Al Sr. Lic. Don Joaquín Baranda
I
El Dr. Fernández, levantándose y componiéndose las
gafas, dió a uno de los jóvenes la receta que acababa de firmar, y éste
la puso en manos de un lacayo que esperaba en la puerta.
—Estas enfermedades cardíacas, tan obscuras y tan misteriosas, son de las más traidoras.
Los cuatro mozos palidecieron.
El médico prosiguió:
—Paréceme que hemos llegado al principio… ¡del fin!… Debo ser franco:
haría muy mal en no decir la verdad, y en fomentar en ustedes ilusiones
y esperanzas que no deben abrigar. Mi pobre amigo no vivirá mucho…
Vamos muy de prisa…
—Pero, Doctor… —repuso el más joven— con eso ¿quiere usted decirnos
que ha llegado el momento de que papá haga testamento y de que dicte sus
últimas disposiciones, y, en pocas palabras, de que se prepare para
morir?
—¡Sí! —contestó tristemente el facultativo.
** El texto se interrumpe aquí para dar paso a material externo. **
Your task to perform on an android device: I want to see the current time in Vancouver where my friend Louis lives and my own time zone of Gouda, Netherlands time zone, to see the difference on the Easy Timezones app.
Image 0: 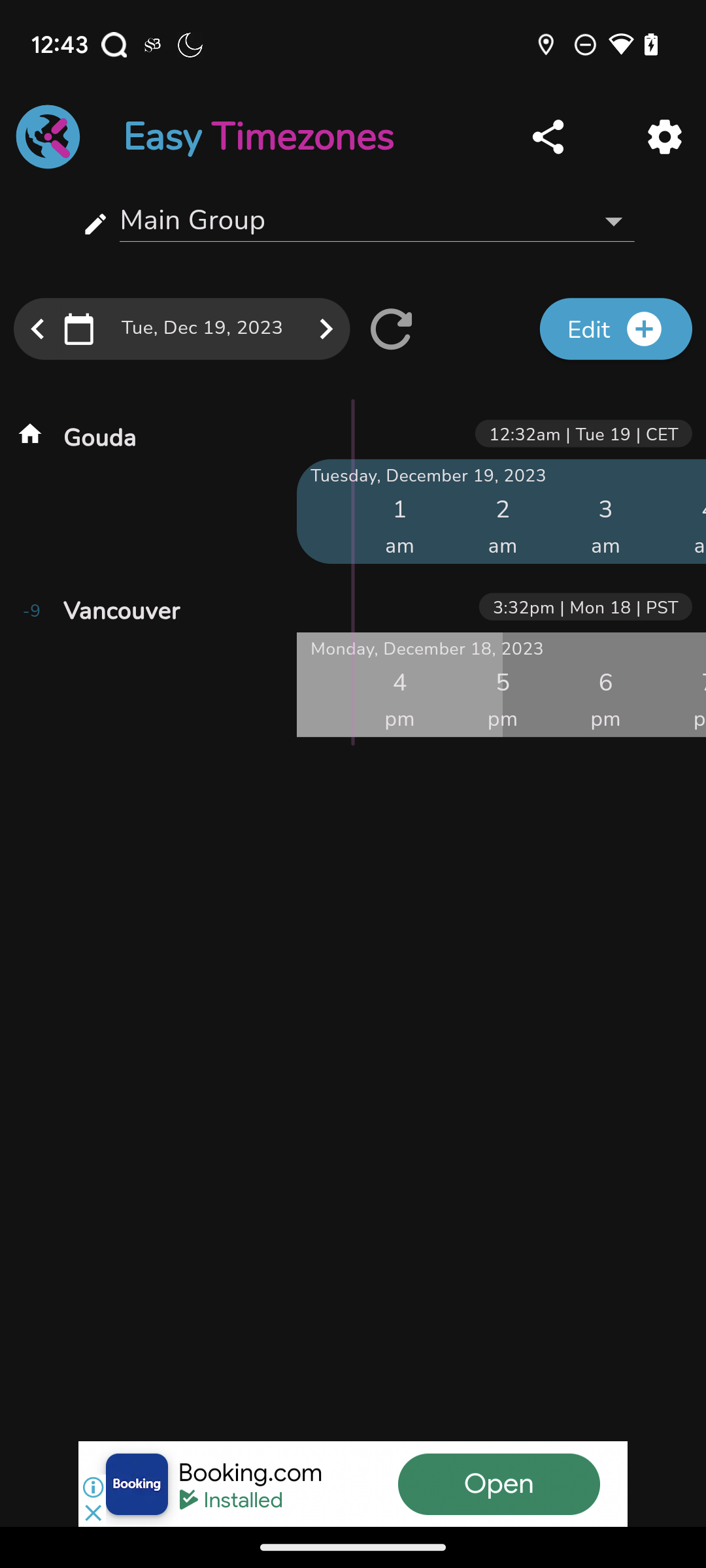
Click on the refresh button icon.
Step 0: click (391, 329)
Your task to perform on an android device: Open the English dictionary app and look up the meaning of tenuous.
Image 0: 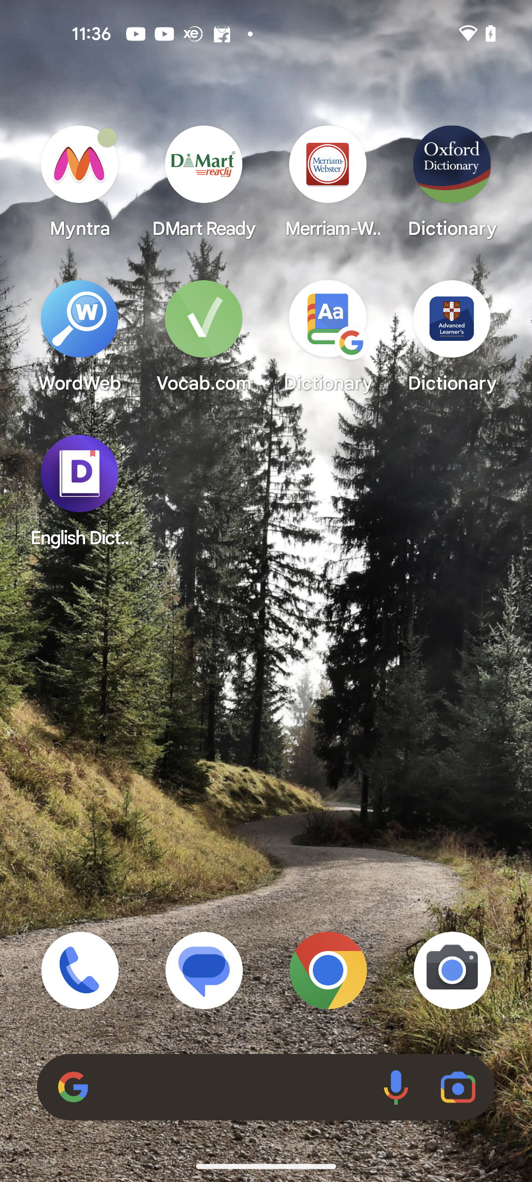
Open the English dictionary app.
Step 0: open app "English Dictionary"
Image 1: 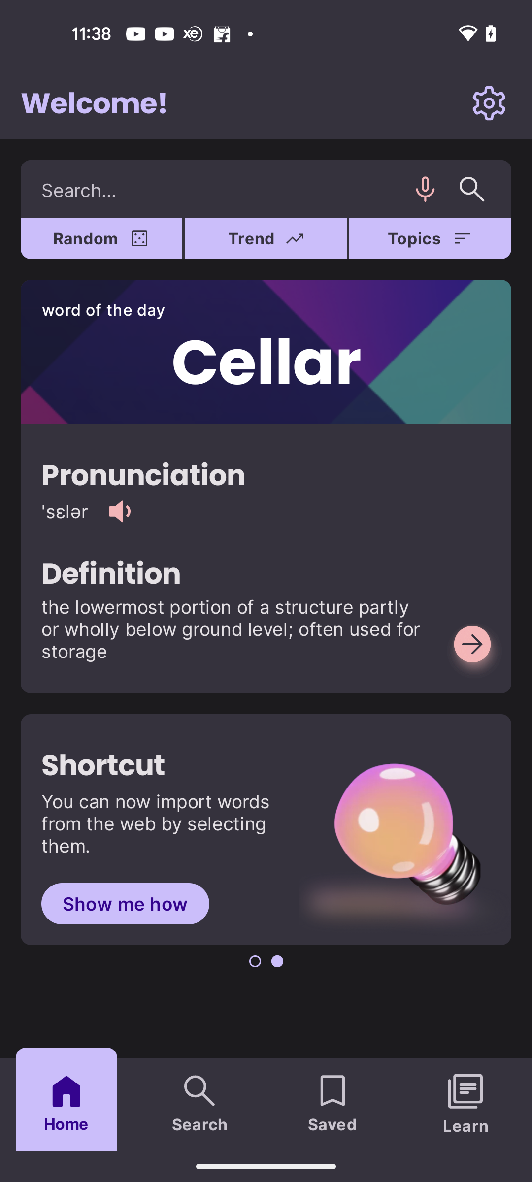
Click on the search bar.
Step 1: click (266, 189)
Image 2: 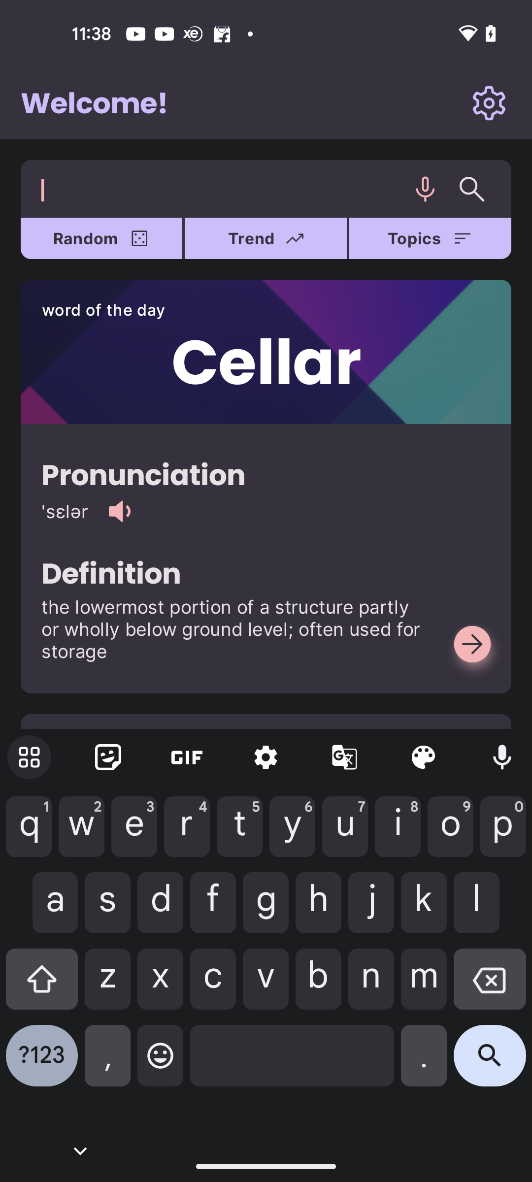
Type "tenuous" in the search bar.
Step 2: type "tenuous"
Image 3: 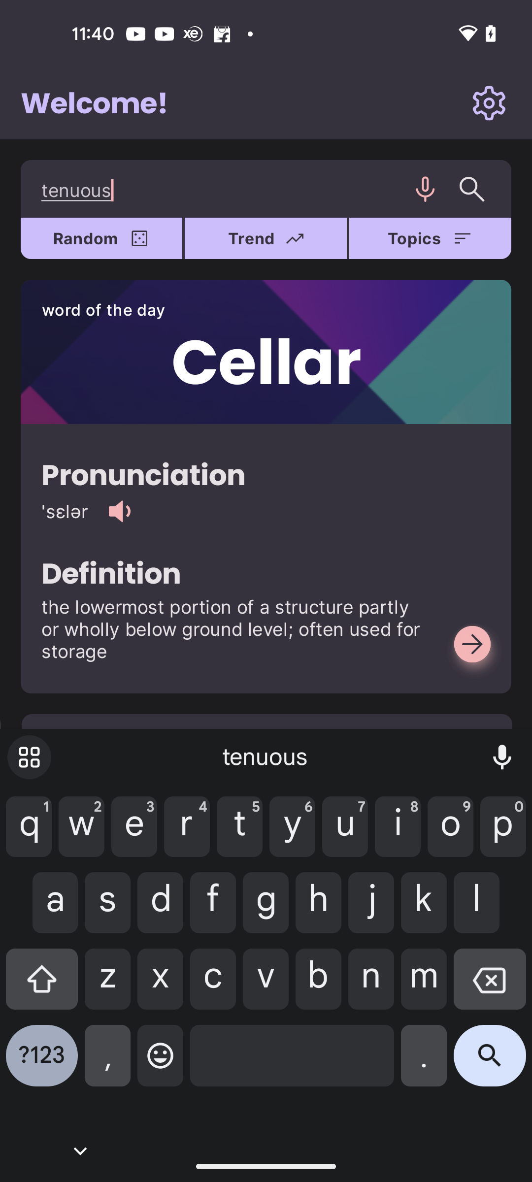
Click on the search icon.
Step 3: click (266, 189)
Image 4: 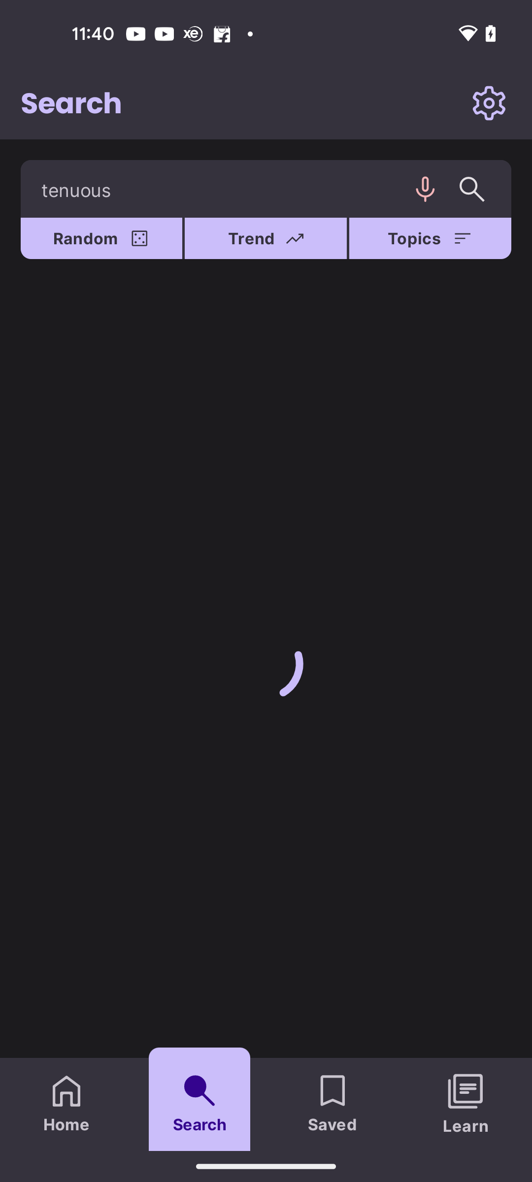
Click on the search icon.
Step 4: wait
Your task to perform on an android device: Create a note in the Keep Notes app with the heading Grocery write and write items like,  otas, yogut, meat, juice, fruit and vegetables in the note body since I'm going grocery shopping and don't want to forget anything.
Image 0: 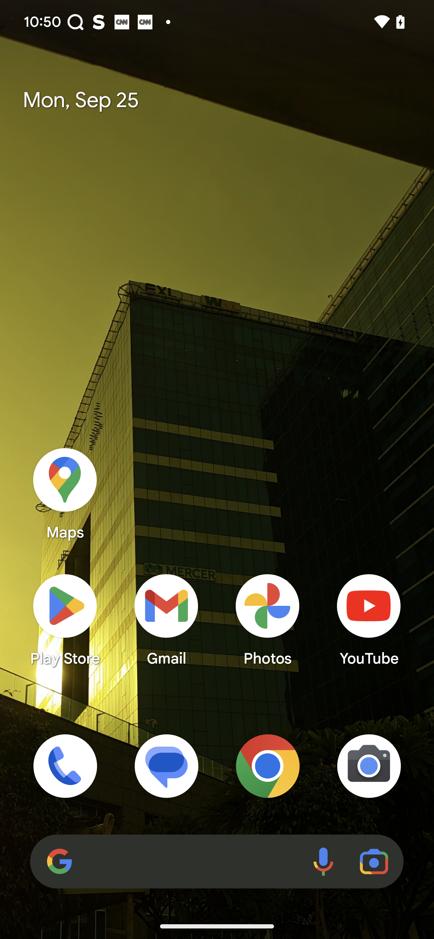
Open Keep Notes app
Step 0: open app "Keep Notes"
Image 1: 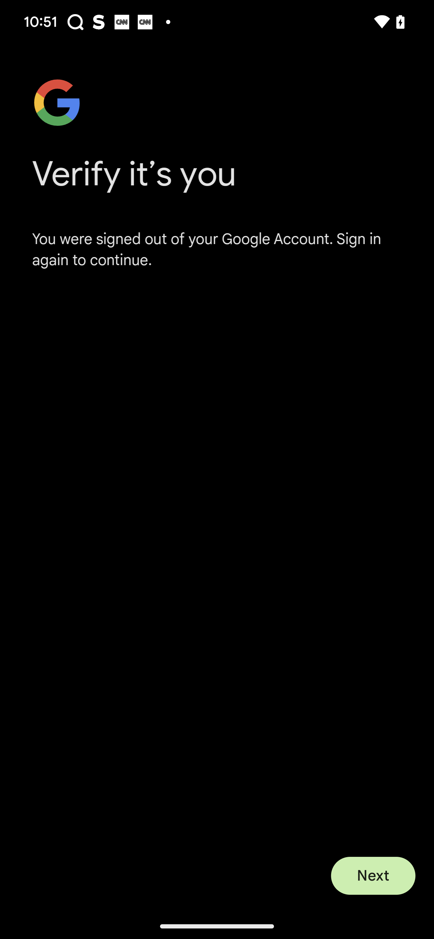
Open Keep Notes app
Step 1: wait
Image 2: 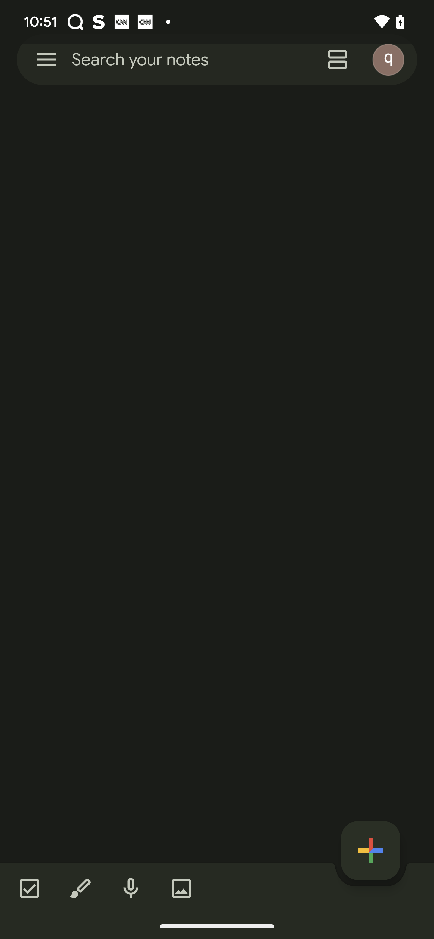
Click on the add icon 
Step 2: click (370, 850)
Image 3: 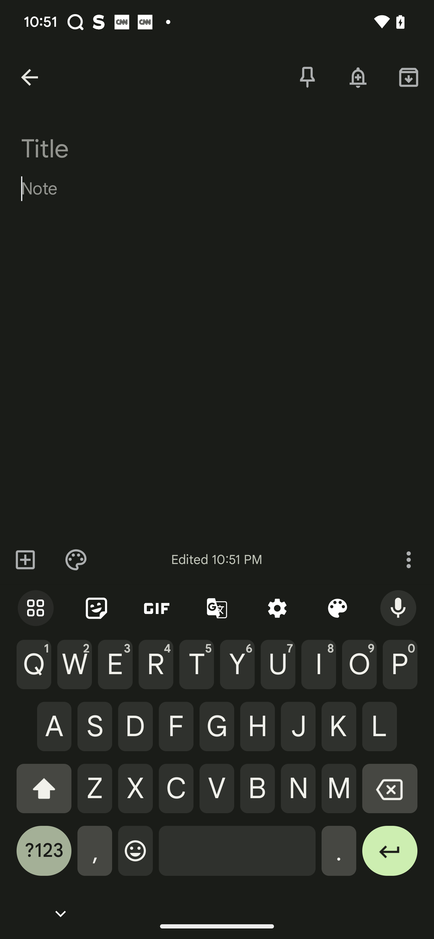
Type Grocery in the title bar
Step 3: type "Grocery"
Image 4: 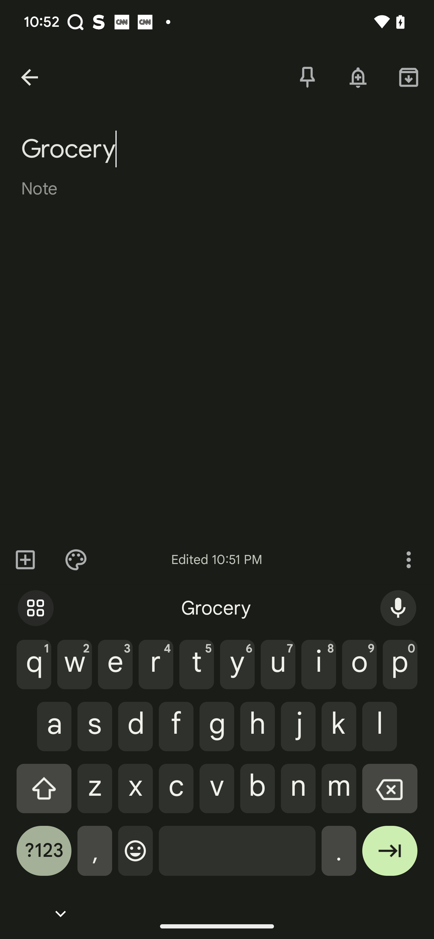
Click on the note bar
Step 4: click (217, 199)
Image 5: 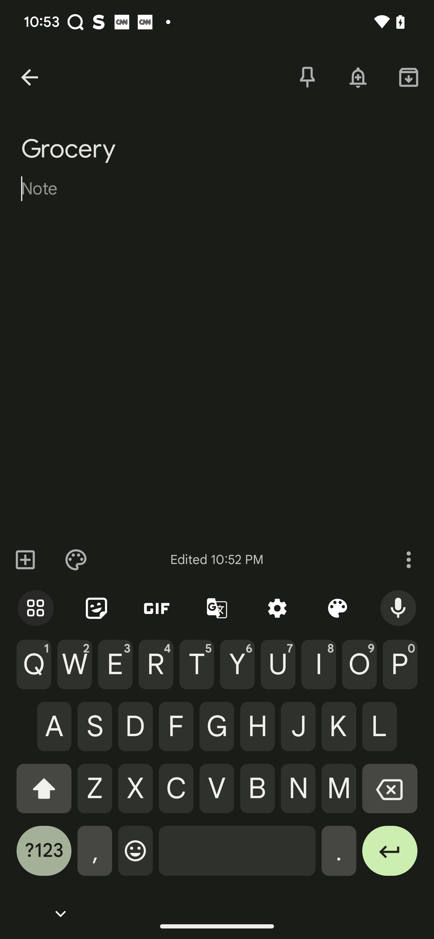
Type Items in the note bar
Step 5: type "Items"
Image 6: 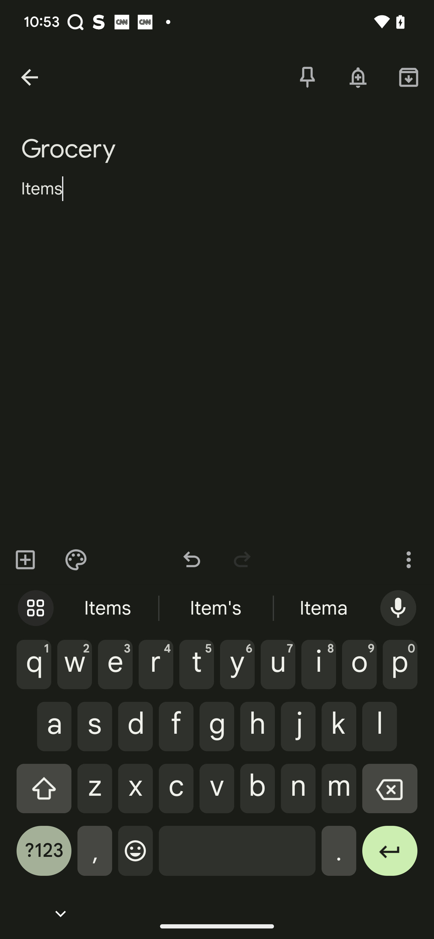
Click on the enter button at the right bottom of the screen
Step 6: click (390, 857)
Image 7: 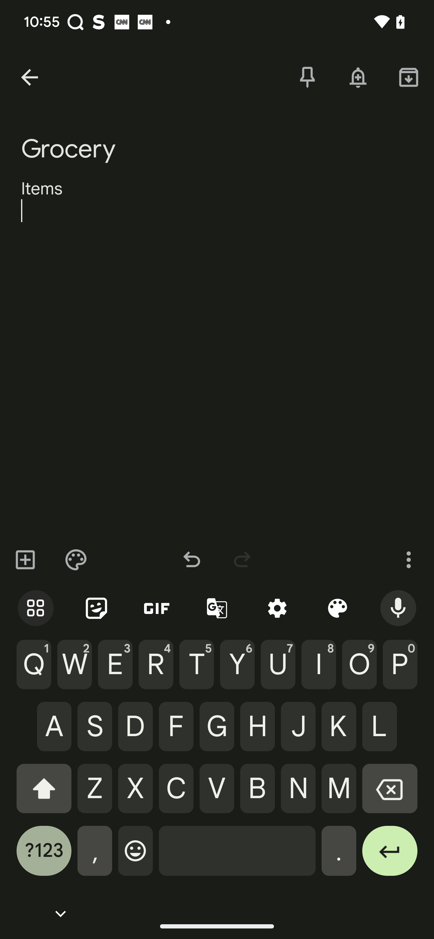
Click on the enter button at the right bottom of the screen
Step 7: click (390, 857)

—Por mi parte… —exclamó el mayor—… no pienso ni en bienes ni en
intereses. ¡Si no hace testamento, que no le haga! ¡No es necesario! Y
así, como yo, piensan todos mis hermanos. ¿No es cierto?
—¡Sin duda! —dijo Luis.
—Pero un hombre de negocios, como el padre de ustedes, por bien
arreglados que tenga los suyos, necesita dar instrucciones y debe dejar
todo aclarado, a fin de que sus herederos no tropiecen mañana con
dificultad alguna. Además: las creencias religiosas de don Ramón exigen
que…
—¡Eso sí! —interrumpió Jorge—. En ellas hemos sido criados y
educados. Los intereses terrenos poco importan; pero hay otros de tejas
arriba…
—Está bien, Doctor no hablemos más; —dijo Alejandro—, pero ¿quién de
los cuatro tendrá valor para decir a papá que debe arreglar sus asuntos,
testar y prepararse para morir?
Los cuatro se miraron atónitos, llenos de lágrimas los ojos.